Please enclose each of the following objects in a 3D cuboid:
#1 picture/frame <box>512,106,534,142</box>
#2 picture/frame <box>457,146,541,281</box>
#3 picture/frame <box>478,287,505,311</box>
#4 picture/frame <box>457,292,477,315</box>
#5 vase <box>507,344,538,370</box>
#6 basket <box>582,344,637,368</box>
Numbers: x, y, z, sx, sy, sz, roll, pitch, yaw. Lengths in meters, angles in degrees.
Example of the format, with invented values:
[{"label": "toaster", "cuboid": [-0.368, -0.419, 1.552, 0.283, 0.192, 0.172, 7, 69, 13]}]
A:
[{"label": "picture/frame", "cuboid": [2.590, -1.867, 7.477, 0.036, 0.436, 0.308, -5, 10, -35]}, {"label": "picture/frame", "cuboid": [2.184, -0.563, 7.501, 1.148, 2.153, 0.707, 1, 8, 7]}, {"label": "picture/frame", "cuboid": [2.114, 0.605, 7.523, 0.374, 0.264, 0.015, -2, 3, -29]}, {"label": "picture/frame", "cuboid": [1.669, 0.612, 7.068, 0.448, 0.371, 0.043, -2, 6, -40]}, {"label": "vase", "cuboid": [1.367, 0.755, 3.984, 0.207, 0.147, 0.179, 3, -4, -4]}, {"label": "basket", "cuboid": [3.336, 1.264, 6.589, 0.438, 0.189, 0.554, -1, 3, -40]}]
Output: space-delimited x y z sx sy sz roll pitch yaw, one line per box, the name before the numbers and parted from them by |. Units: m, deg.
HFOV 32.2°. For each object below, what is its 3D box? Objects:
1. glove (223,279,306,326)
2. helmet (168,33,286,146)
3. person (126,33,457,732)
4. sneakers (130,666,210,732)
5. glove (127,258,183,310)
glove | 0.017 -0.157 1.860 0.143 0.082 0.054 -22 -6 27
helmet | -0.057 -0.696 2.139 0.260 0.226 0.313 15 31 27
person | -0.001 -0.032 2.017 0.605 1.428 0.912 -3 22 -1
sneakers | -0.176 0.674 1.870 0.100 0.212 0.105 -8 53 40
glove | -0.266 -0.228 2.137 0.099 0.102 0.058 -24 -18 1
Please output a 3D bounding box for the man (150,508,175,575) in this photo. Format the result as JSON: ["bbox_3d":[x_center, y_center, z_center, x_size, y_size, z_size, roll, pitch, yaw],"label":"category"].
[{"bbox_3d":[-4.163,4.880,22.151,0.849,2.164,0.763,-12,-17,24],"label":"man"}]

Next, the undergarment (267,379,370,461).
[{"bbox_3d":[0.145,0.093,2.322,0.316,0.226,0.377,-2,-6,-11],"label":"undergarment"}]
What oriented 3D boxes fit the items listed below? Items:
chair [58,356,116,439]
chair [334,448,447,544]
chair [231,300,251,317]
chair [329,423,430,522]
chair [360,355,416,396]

• _EXERCISE OBJECTIVE_:
Write out the records above exactly as given.

• _ANSWER TO THIS EXERCISE_:
Please enclose each of the following objects in a 3D cuboid:
#1 picture/frame <box>512,106,534,142</box>
#2 picture/frame <box>457,146,541,281</box>
#3 picture/frame <box>478,287,505,311</box>
#4 picture/frame <box>457,292,477,315</box>
#5 vase <box>507,344,538,370</box>
#6 basket <box>582,344,637,368</box>
Numbers: x, y, z, sx, sy, sz, roll, pitch, yaw. Lengths in meters, angles in degrees.
Example of the format, with invented values:
[{"label": "toaster", "cuboid": [-0.368, -0.419, 1.552, 0.283, 0.192, 0.172, 7, 69, 13]}]
A:
[{"label": "picture/frame", "cuboid": [2.590, -1.867, 7.477, 0.036, 0.436, 0.308, -5, 10, -35]}, {"label": "picture/frame", "cuboid": [2.184, -0.563, 7.501, 1.148, 2.153, 0.707, 1, 8, 7]}, {"label": "picture/frame", "cuboid": [2.114, 0.605, 7.523, 0.374, 0.264, 0.015, -2, 3, -29]}, {"label": "picture/frame", "cuboid": [1.669, 0.612, 7.068, 0.448, 0.371, 0.043, -2, 6, -40]}, {"label": "vase", "cuboid": [1.367, 0.755, 3.984, 0.207, 0.147, 0.179, 3, -4, -4]}, {"label": "basket", "cuboid": [3.336, 1.264, 6.589, 0.438, 0.189, 0.554, -1, 3, -40]}]
Output: space-delimited x y z sx sy sz roll pitch yaw, one line per box, the name before the numbers and parted from them by |. Units: m, deg.
HFOV 32.2°. For each object below, what is its 3D box? Objects:
1. glove (223,279,306,326)
2. helmet (168,33,286,146)
3. person (126,33,457,732)
4. sneakers (130,666,210,732)
5. glove (127,258,183,310)
glove | 0.017 -0.157 1.860 0.143 0.082 0.054 -22 -6 27
helmet | -0.057 -0.696 2.139 0.260 0.226 0.313 15 31 27
person | -0.001 -0.032 2.017 0.605 1.428 0.912 -3 22 -1
sneakers | -0.176 0.674 1.870 0.100 0.212 0.105 -8 53 40
glove | -0.266 -0.228 2.137 0.099 0.102 0.058 -24 -18 1
Please output a 3D bounding box for the man (150,508,175,575) in this photo. Format the result as JSON: ["bbox_3d":[x_center, y_center, z_center, x_size, y_size, z_size, roll, pitch, yaw],"label":"category"].
[{"bbox_3d":[-4.163,4.880,22.151,0.849,2.164,0.763,-12,-17,24],"label":"man"}]

Next, the undergarment (267,379,370,461).
[{"bbox_3d":[0.145,0.093,2.322,0.316,0.226,0.377,-2,-6,-11],"label":"undergarment"}]
What oriented 3D boxes fit the items listed below? Items:
chair [58,356,116,439]
chair [334,448,447,544]
chair [231,300,251,317]
chair [329,423,430,522]
chair [360,355,416,396]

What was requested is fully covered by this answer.